-- Opening Marker --
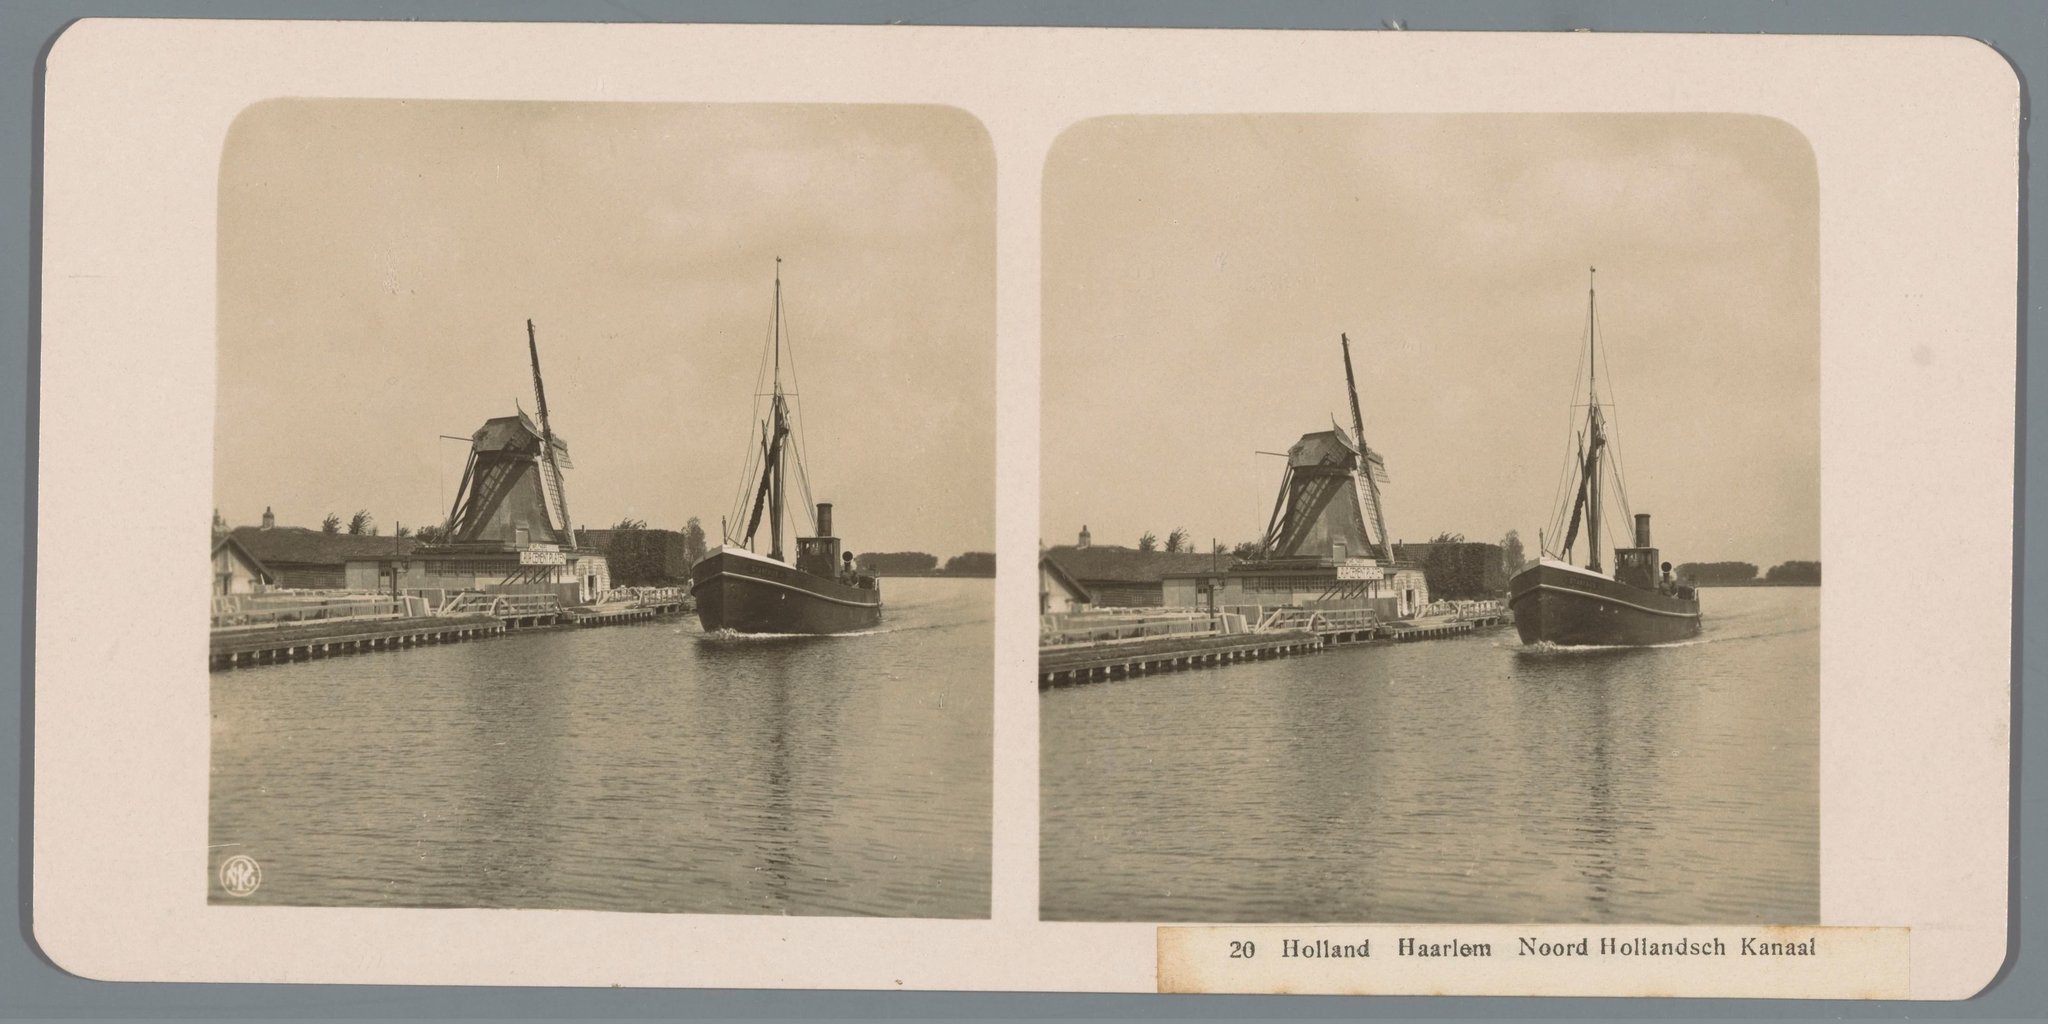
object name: stereograph
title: Gezicht op het Noordhollandsch Kanaal
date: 1900-1910
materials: cardboard, photographic support
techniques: gelatin silver print
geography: north holland
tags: canal, ships (in general), windmill in landscape
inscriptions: number: ‘20’, inscription: ‘NPG’
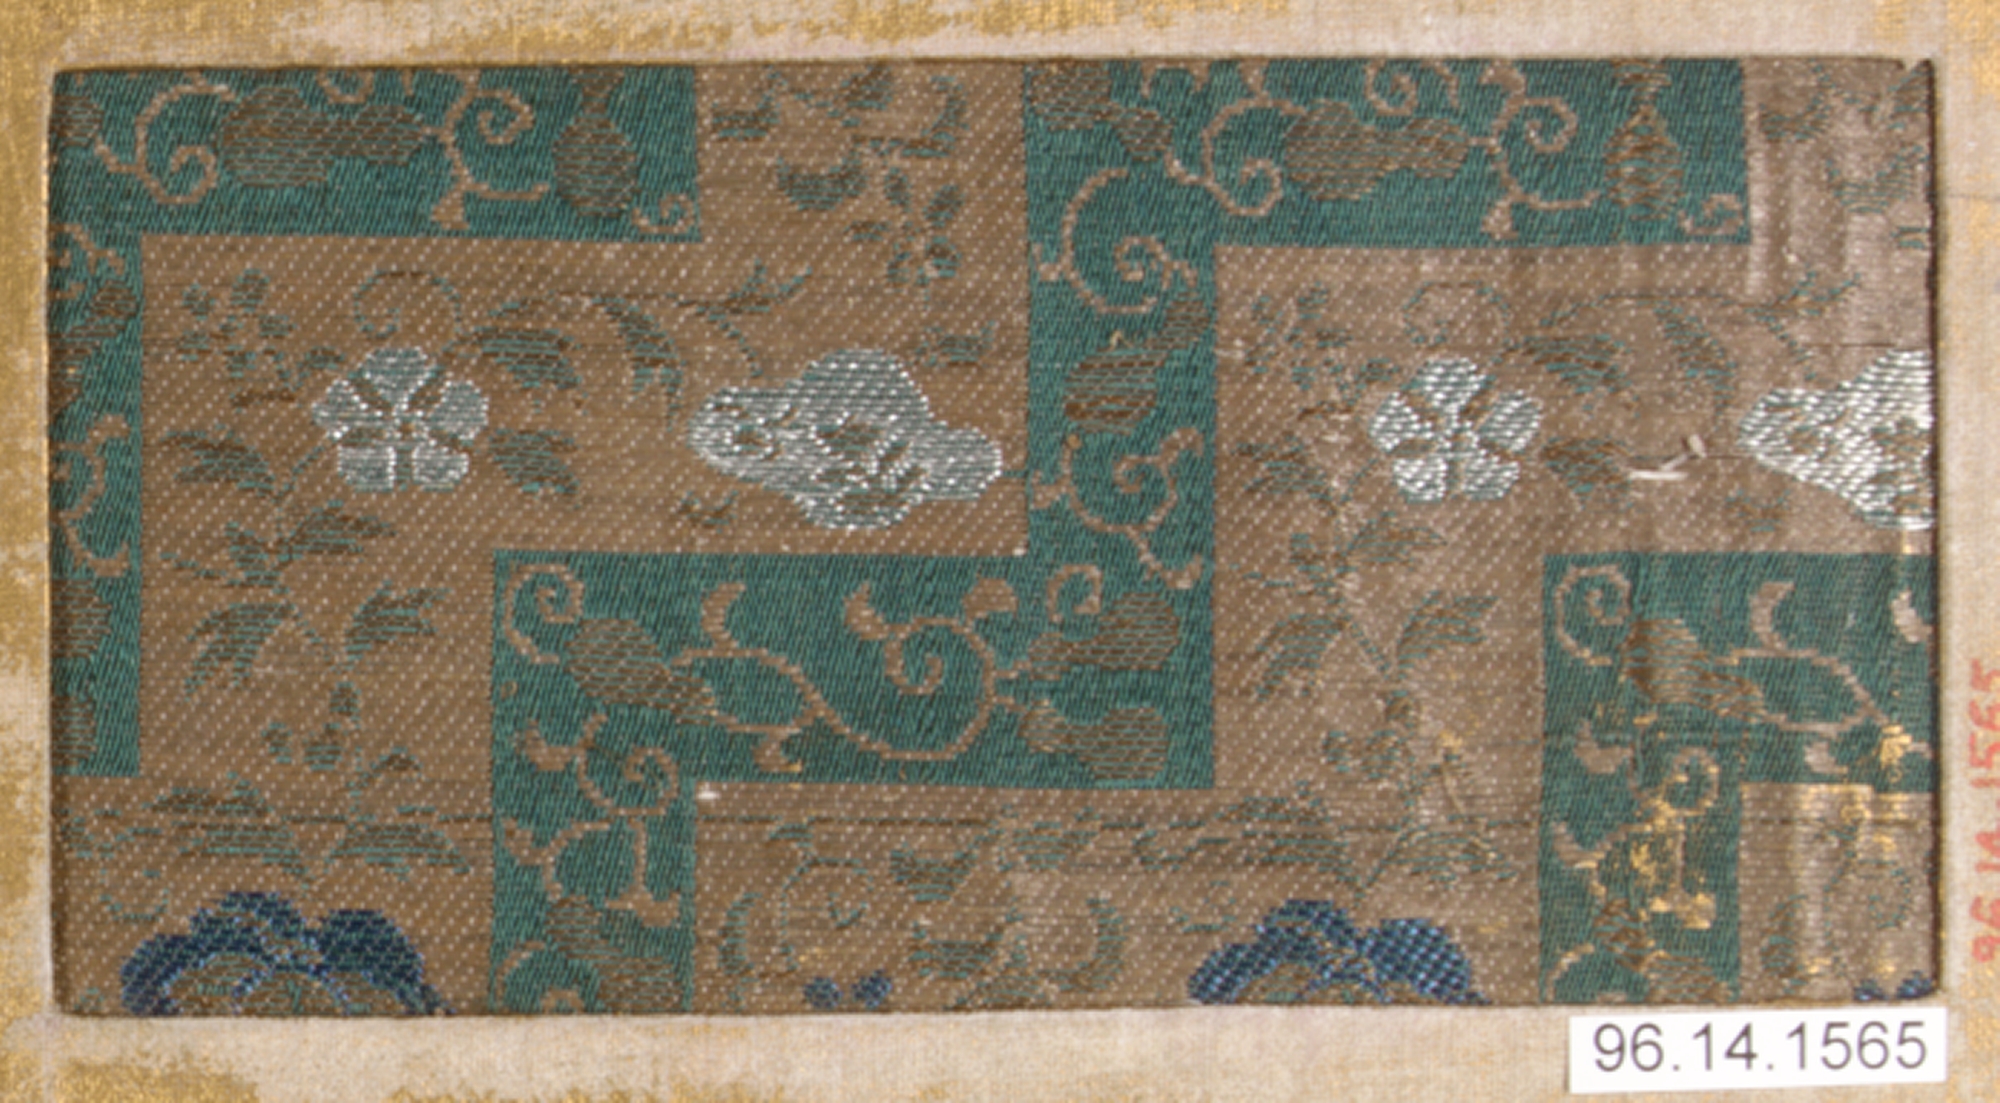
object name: piece
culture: japanese
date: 1701-1900
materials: silk
-- Closing Marker --
_Requirement_
Pictures do not go in the copy. Write out exactly the lines from the line containing "title: Gezicht op het Noordhollandsch Kanaal" through the last line of the listing.

_Answer_
title: Gezicht op het Noordhollandsch Kanaal
date: 1900-1910
materials: cardboard, photographic support
techniques: gelatin silver print
geography: north holland
tags: canal, ships (in general), windmill in landscape
inscriptions: number: ‘20’, inscription: ‘NPG’
object name: piece
culture: japanese
date: 1701-1900
materials: silk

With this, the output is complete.